3.4 Cluster Sampling

The final sampling method that will be used is cluster sampling. For this method, a random sample will be taken from the list of unique ZIP codes generated in the data preprocessing phase, and the clusters of observations which correspond to the selected ZIP codes will be chosen and combined to create a new sample. Because of the significant variation in the sizes of the clusters, the total number of observations which comprise this new sample will almost certainly not be exactly 4,000. It was decided that 450 clusters would be chosen from the study population to comprise the cluster sample as this amount generally yields a sample size which is acceptably close to the target sample size.

set.seed(123)
sampled_clusters <- sample(unique.zipcodes, size = 450)
cluster.sample <- do.call(rbind, zip.clusters[sampled_clusters])
cluster.Sample.dim = dim(cluster.sample)
names(cluster.Sample.dim) = c("Size", "Var.count")
kable(t(cluster.Sample.dim))
Size Var.count
3971 28

This sampling method yielded a sample of 3,971 observations, which is reasonably close to the target sample size. Therefore this sample size will be accepted for the analysis.

Once again, the regional default rates in this sample are calculated.

region.default.cluster <- cluster.sample %>%
  group_by(Region) %>%
  summarize(default_rate = mean(MIS_Status == 'CHGOFF')*100)
kable(region.default.cluster)
Region default_rate
Midwest 14.87514
Northeast 18.14988
South 20.05420
West 15.84362

3.5 Study Population Default Rates

Finally, the default rates for each region based on the entire study population will be calculated for purposes of comparing with the results of the four sampling methods.

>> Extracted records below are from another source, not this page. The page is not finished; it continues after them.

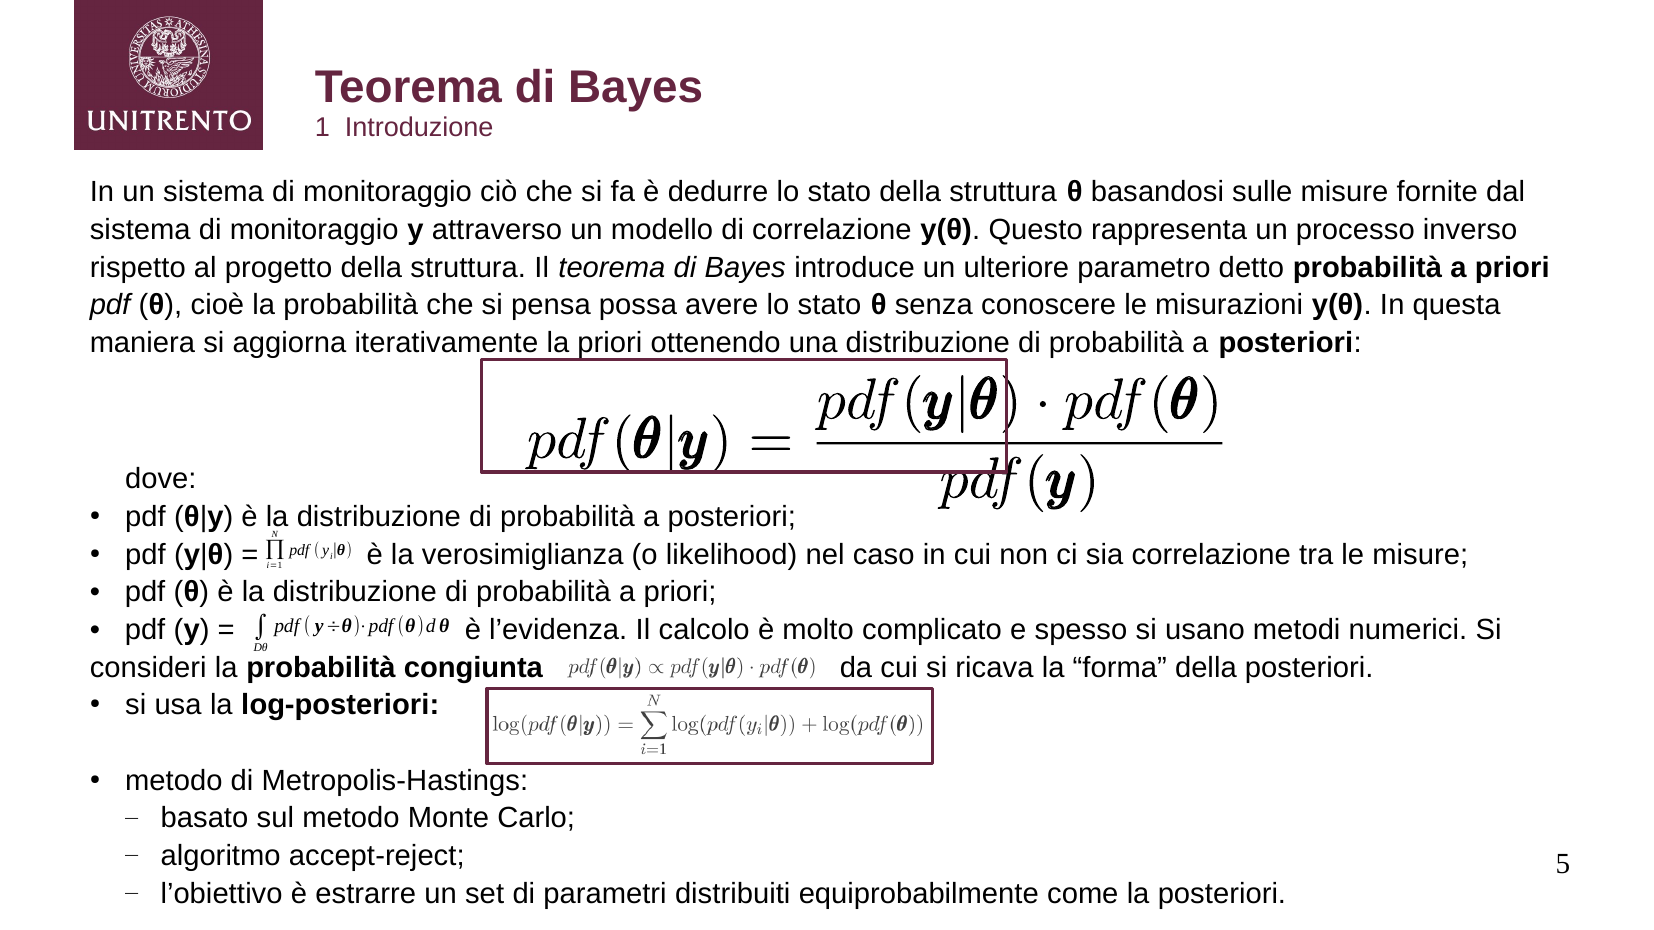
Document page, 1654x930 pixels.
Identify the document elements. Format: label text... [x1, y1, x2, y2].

chart [252, 611, 451, 654]
text_box [1154, 376, 1168, 434]
text_box [1170, 376, 1198, 420]
text_box [1203, 376, 1217, 434]
text_box Teorema di Bayes 1 Introduzione [300, 53, 1088, 151]
text_box [1039, 400, 1046, 408]
chart [264, 528, 352, 572]
picture [488, 690, 931, 762]
picture [561, 644, 823, 687]
text_box [481, 359, 1223, 473]
text_box dove: pdf (θ|y) è la distribuzione di probabilità a posteriori; pdf (y|θ) = è la verosimiglianza (o likelihood) nel caso in cui non ci sia correlazione tra le misure; • pdf (θ) è la distribuzione di probabilità a priori; • pdf (y) = è l’evidenza. Il calcolo è molto complicato e spesso si usano metodi numerici. Si consideri la probabilità congiunta da cui si ricava la “forma” della posteriori. si usa la log-posteriori: metodo di Metropolis-Hastings: basato sul metodo Monte Carlo; algoritmo accept-reject; l’obiettivo è estrarre un set di parametri distribuiti equiprobabilmente come la posteriori. [75, 449, 1576, 917]
text_box [1116, 377, 1146, 431]
text_box [1061, 392, 1093, 430]
text_box [1095, 378, 1124, 420]
picture [74, 0, 263, 151]
text_box In un sistema di monitoraggio ciò che si fa è dedurre lo stato della struttura θ basandosi sulle misure fornite dal sistema di monitoraggio y attraverso un modello di correlazione y(θ). Questo rappresenta un processo inverso rispetto al progetto della struttura. Il teorema di Bayes introduce un ulteriore parametro detto probabilità a priori pdf (θ), cioè la probabilità che si pensa possa avere lo stato θ senza conoscere le misurazioni y(θ). In questa maniera si aggiorna iterativamente la priori ottenendo una distribuzione di probabilità a posteriori: [75, 162, 1576, 376]

region.default.pop <- study.pop %>%
  group_by(Region) %>%
  summarize(default_rate = mean(MIS_Status == 'CHGOFF')*100)
kable(region.default.pop)
Region default_rate
Midwest 15.84033
Northeast 15.93425
South 20.52876
West 17.19110

4 Comparing Regional Default Rates By Sample

To compare the default rates determined from each sample to one another and to those of the entire study population, a combined bar chart will be created.

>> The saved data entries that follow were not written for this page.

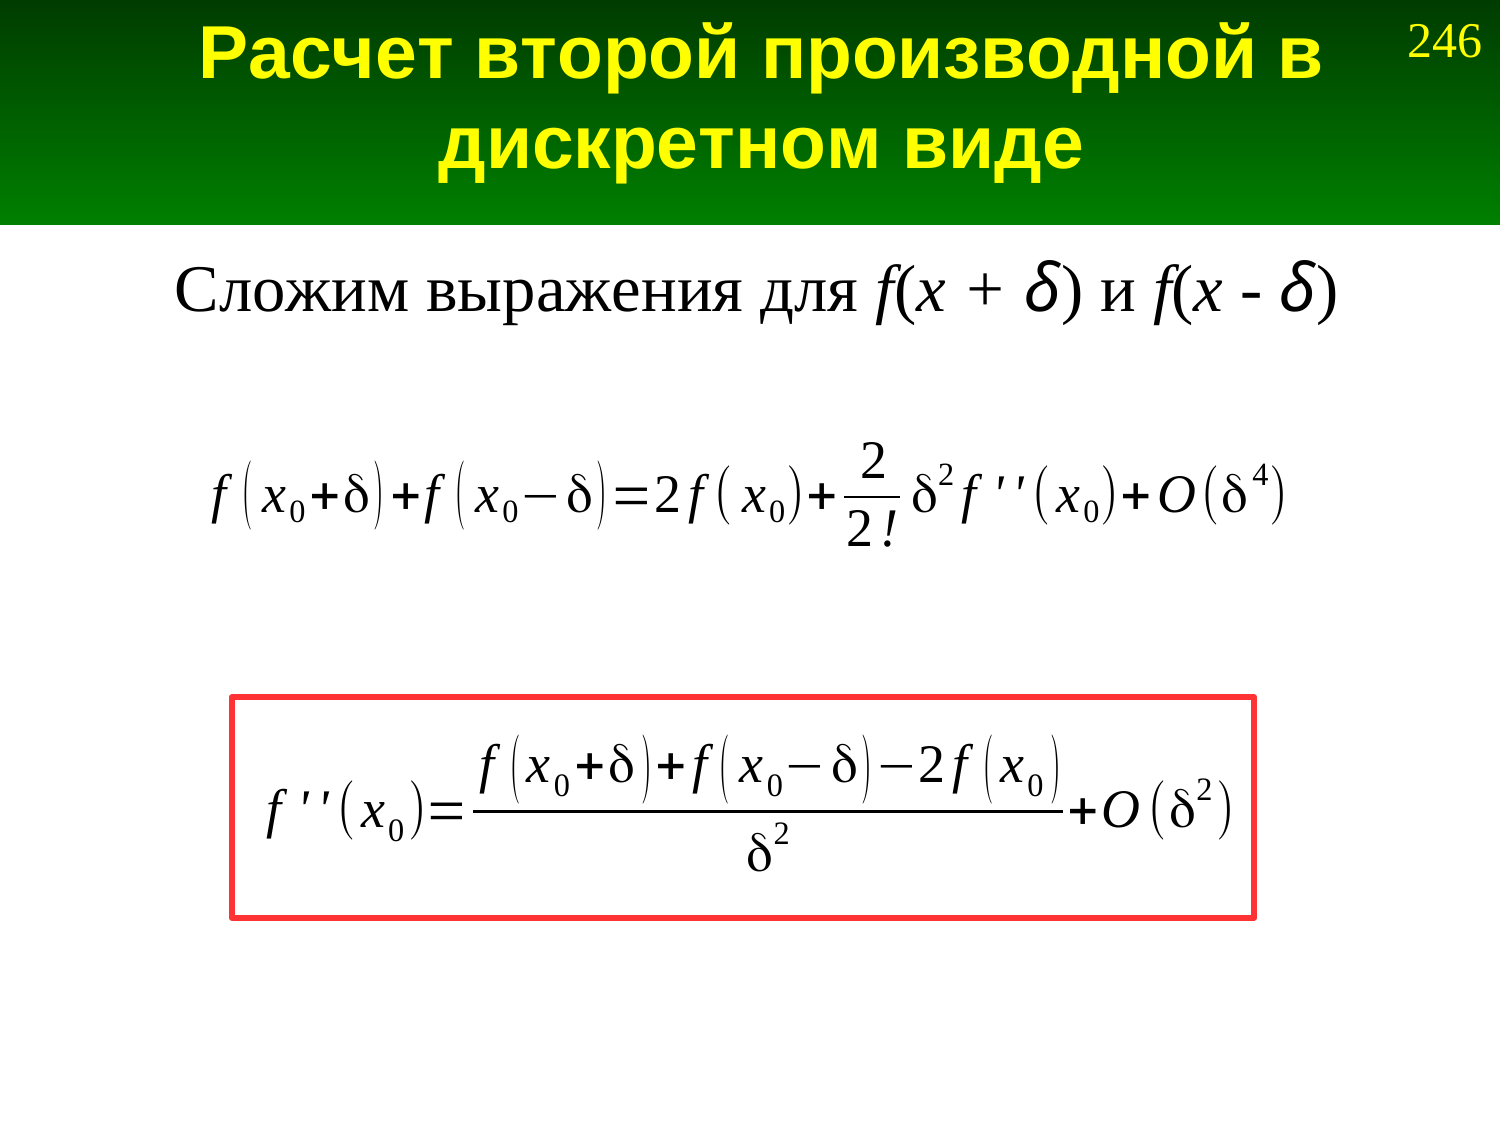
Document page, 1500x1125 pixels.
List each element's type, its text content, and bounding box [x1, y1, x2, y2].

chart [253, 731, 1248, 876]
chart [198, 430, 1302, 561]
title Расчет второй производной в дискретном виде [123, 0, 1399, 192]
text_box Сложим выражения для f(x + δ) и f(x - δ) [159, 236, 1341, 354]

combined_df <- rbind(region.default.SRS, region.default.sys, region.default.strat, region.default.cluster, region.default.pop)
combined_df$Sample <- rep(c("SRS", "Systematic", "Stratified", "Cluster", "Population"), each = nrow(region.default.SRS))
combined_df$Sample <- factor(combined_df$Sample, levels = c("SRS", "Systematic", "Stratified", "Cluster", "Population"))

# Create the bar chart
combined_plot <- ggplot(combined_df, aes(x = Sample, y = default_rate, fill = Region)) +
  geom_bar(stat = "identity", position = "dodge") +
  labs(title = "Comparison of Regional Default Rates Across Samples/Population",
       x = "Sample",
       y = "Default Rate",
       fill = "Region") +
       ylim(0, 25)


combined_plot

It can be seen from this bar chart that the results from each of the four different sampling methods suggest that the Southern region of the U.S. exhibits the highest default rate, which aligns with the rates observed from the entire study population. Beyond that, however, the calculated default rates from each sample vary noticeably, both from one another as well as from the population rates. For instance, the simple random sample’s results suggest that the Midwest has the second highest default rate at about 17.5%, while looking only at the stratified sample would lead one to believe that it actually has the lowest default rate of all the regions, under 15%. In general, the calculated default rates for the Midwest vary significantly from sample to sample. Based on visual inspection of the chart, the estimates from the systematic sample appear to be the most similar to those of the entire population, although the systematic sample’s estimates for the South and West regions are noticeably higher than the rates observed in the population.

5 Conclusion

Again, because its estimates bear the closest resemblance to the population default rates, the systematic sample would be chosen as the analytic sample for further analysis based on the results of this process. That said, this is not necessarily an optimal sample and it may be advisable to try alternative sampling methods, sample sizes, stratification variables, etc. to generate a more representative sample.